Strider's birthday fell on a flat day of waves so Paul the chef prepared steaks and insisted on opening the captain's gin and having a wicked barbecue. It resulted in boat jumping in the dark and raucous celebrations. Great fun. Meanwhile, back in the capital, ethnic riots had been broadcast on the radio and we were warned to keep clear of some islands known for piracy. Our skipper bypassed the trouble spots but it seemed hard to imagine trouble in this very traditional country. Everyone we met greeted us with smiles and questions. We explained that we weren't here to over fish, or with missions to tear down forests, which I'm sure helped.
At one sheltered cove the locals told us of a ceremonial burial chamber. After the chief granted us permission we were escorted by hundreds of smiling kids who laughed and waved at the visitors to their island. The ancient remains of village chiefs lay in a thatched hut. Skulls and skeletons were powerful images. It was an incredible realisation that life is short and death is permanent. The rituals and traditions remain strong in communities which are mainly self-sufficient. But nothing was better than the playing, happy children. There are some incredibly skilled carvers all over the islands but they were happy to trade for dive equipment, fins, masts and fishing lures, which in these remote areas is more necessary than cash. Everyone bought back momentos like stone gods, shell money and wood craft. It was only Narbe who bought so much that he had to airfreight it back home and hide the rest in Micky's board bag so that he didn't have to carry it!

We Score Swell

With lots of talk about big waves from the Americans, we were keen for a last good swell. The perfect lefts that we scored at Crocodile Island and Pielonge Point were "soo peerrrfect" but smallish, and time was running out.

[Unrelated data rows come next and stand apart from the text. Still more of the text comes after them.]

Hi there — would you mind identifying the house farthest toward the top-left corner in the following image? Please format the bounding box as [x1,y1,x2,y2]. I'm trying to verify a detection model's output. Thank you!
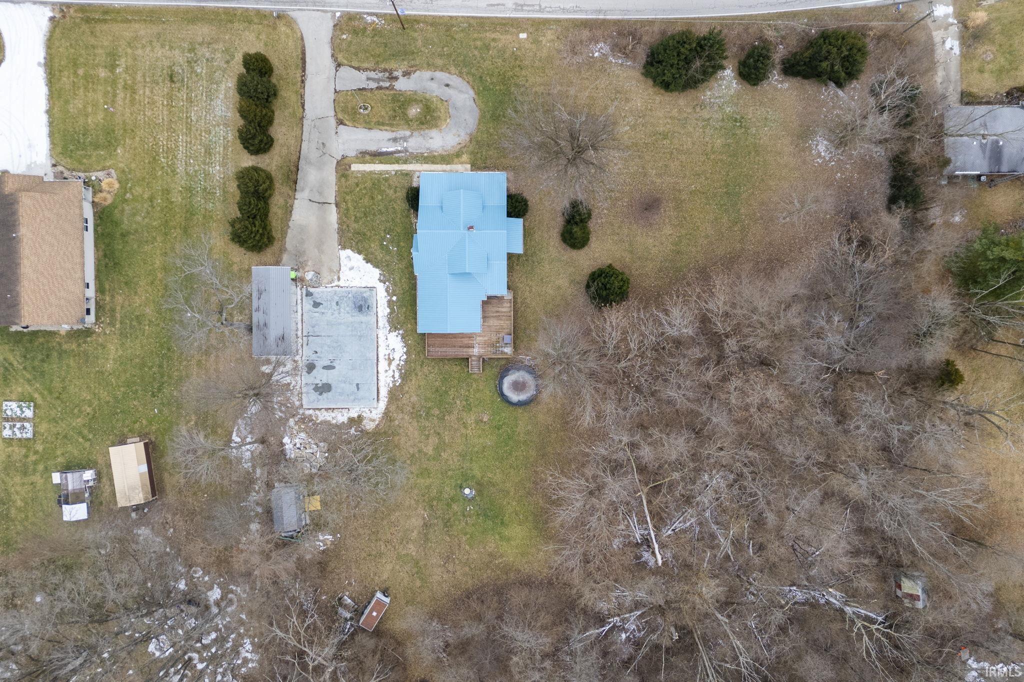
[0,173,95,325]
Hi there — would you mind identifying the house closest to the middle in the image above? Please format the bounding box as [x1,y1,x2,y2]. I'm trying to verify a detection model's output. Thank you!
[412,171,524,333]
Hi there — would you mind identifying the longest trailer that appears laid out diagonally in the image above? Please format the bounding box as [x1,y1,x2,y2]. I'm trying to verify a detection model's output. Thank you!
[359,584,394,632]
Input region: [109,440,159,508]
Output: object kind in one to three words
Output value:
shed
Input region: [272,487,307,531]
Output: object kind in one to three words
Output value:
shed

On our last day the swell picked up. Heading towards the port we searched in a last attempt to score some size. We found a righthander in a secluded bay with jungle all around which was fun and shallow but not epic. We surfed it and moved on. With only two hours before dark we stopped at a possible six foot left. It was closer to eight foot once we paddled out and it was going off! Solid drops and sick barrels were everywhere. Micky snapped his board and Strider caught the wave of the trip. Everyone got tubed off their heads; it was everything we wanted and the timing was perfect.

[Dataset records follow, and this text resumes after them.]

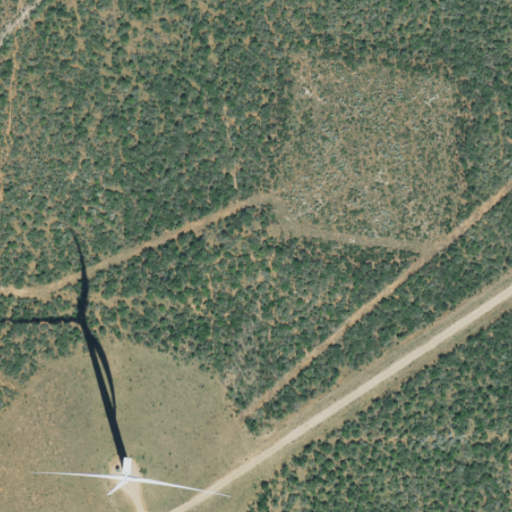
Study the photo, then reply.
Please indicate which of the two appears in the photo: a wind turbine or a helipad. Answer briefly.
wind turbine
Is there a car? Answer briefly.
No
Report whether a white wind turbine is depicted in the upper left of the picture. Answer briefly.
No
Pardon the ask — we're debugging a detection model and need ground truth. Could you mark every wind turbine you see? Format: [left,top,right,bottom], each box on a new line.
[40,457,228,494]

We sailed overnight to meet the changeover crew - Danny Wills, Mick Campbell and Jake Paterson.

As we made our way to port in the early morning light, we were blessed with a farewell from a pod of dolphins. The water was clearer than glass and the dolphins played magically in the bow waves. The trip of a lifetime was over for us but just starting for the Aussies. I don't know exactly where the boat is but it's cruising the South Pacific doing its thing right now with some very stoked people on board.